Me Zoé Royaux, jeune et brillante avocate passée par le cercle très fermé des secrétaires de la conférence, robes noires élues chaque année pour leur éloquence, s'avance à la barre pour l'homme qu'elle défend : Saïd Makhlouf, l'accusé qui était ambulancier sans antécédents judiciaires, avant de se retrouver impliqué dans cette affaire des attentats de janvier 2015. Saïd Makhlouf est l'accusé aux yeux plissés et rieurs derrière ses lunettes rectangulaires, l'accusé assis à côté de son cousin éloigné Amar Ramdani. Et d'ailleurs l'accusation les a mis tous les deux dans le même sac, un "duo". Ramdani était devenu ami en prison avec Amedy Coulibaly, le terroriste de Montrouge et de l'Hyper Cacher. Makhlouf a juré n'avoir vu Coulibaly qu'un demi-fois, dans un resto chinois, mais les avocats généraux ont requis contre lui treize ans de réclusion criminelle, dix-sept ans contre Ramdani.

"La justice n'est pas rendue pour apaiser la souffrance"

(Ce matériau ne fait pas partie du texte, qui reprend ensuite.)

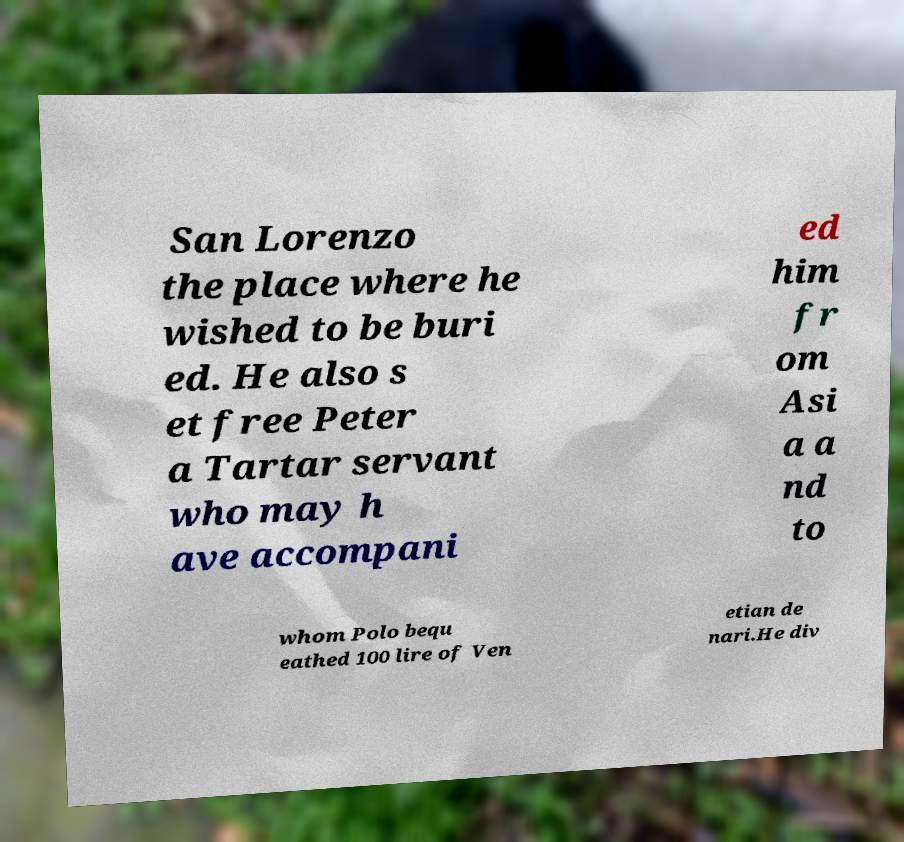For documentation purposes, I need the text within this image transcribed. Could you provide that? San Lorenzo the place where he wished to be buri ed. He also s et free Peter a Tartar servant who may h ave accompani ed him fr om Asi a a nd to whom Polo bequ eathed 100 lire of Ven etian de nari.He div 
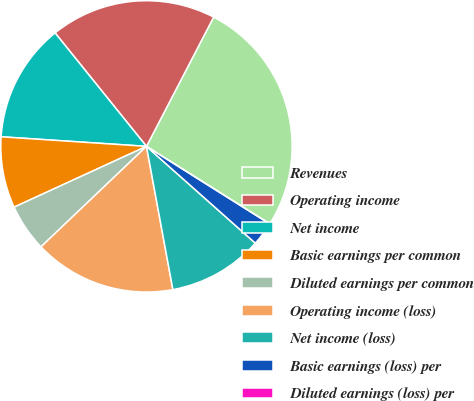Convert chart. <chart><loc_0><loc_0><loc_500><loc_500><pie_chart><fcel>Revenues<fcel>Operating income<fcel>Net income<fcel>Basic earnings per common<fcel>Diluted earnings per common<fcel>Operating income (loss)<fcel>Net income (loss)<fcel>Basic earnings (loss) per<fcel>Diluted earnings (loss) per<nl><fcel>26.31%<fcel>18.42%<fcel>13.16%<fcel>7.9%<fcel>5.26%<fcel>15.79%<fcel>10.53%<fcel>2.63%<fcel>0.0%<nl></chart> 
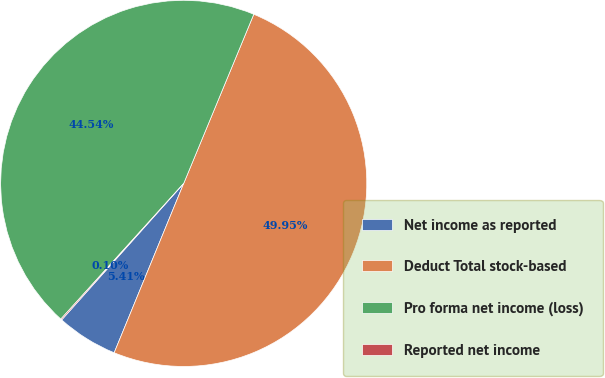Convert chart. <chart><loc_0><loc_0><loc_500><loc_500><pie_chart><fcel>Net income as reported<fcel>Deduct Total stock-based<fcel>Pro forma net income (loss)<fcel>Reported net income<nl><fcel>5.41%<fcel>49.95%<fcel>44.54%<fcel>0.1%<nl></chart> 
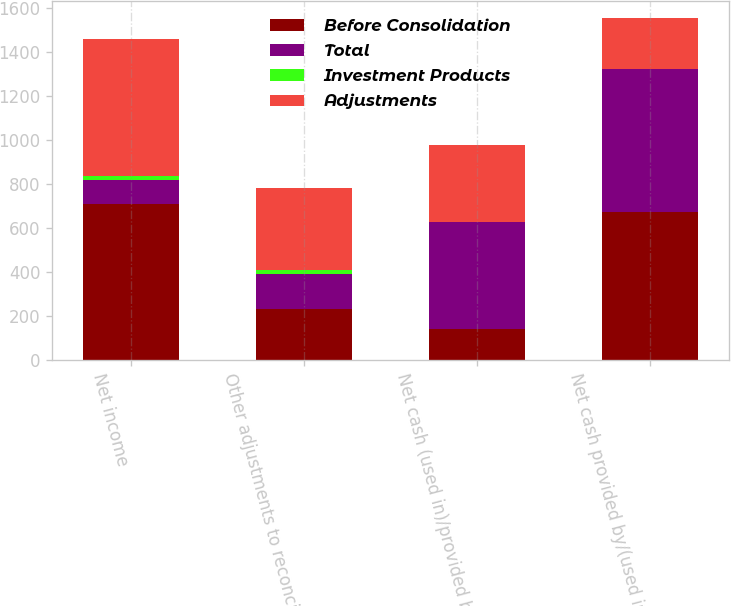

C'est donc l'avocate de Makhlouf qui plaide la première aujourd'hui. "La douleur et la souffrance des victimes est universelle. Elles attendent beaucoup de vous les victimes, les accusés aussi. La justice n'est pas rendue pour apaiser la souffrance". Me Zoé Royaux parle de victimes exemplaires, et elle demande une justice exemplaire, pas une justice "sanguinaire". Elle clame que "la vérité judiciaire est un rempart contre la vengeance". Elle clame que "Saïd Makhlouf est innocent. Il ne paiera pas pour les frères Kouachi ou Coulibaly". Et elle s'attache à démontrer son innocence. Affirme que Saïd Makhlouf ne connaissait pas Amedy Coulibaly. Pense qu'en réalité, les deux hommes ne sont croisés que deux fois, deux rencontres "banales", aucunement louches à ses yeux. Certes, le 9 janvier 2015 au soir, Saïd Makhlouf a cassé sa puce de téléphone en même temps que son cousin Ramdani. Certes, ils ont agi ensemble dans la pénombre, sur un parking d'une zone industrielle où ils étaient arrivés avec deux véhicules prêtés par deux voisins. Mais elle martèle que c'était juste par peur, et que s'ils avaient eu connaissance des attentats avant, ils l'auraient cassée avant. 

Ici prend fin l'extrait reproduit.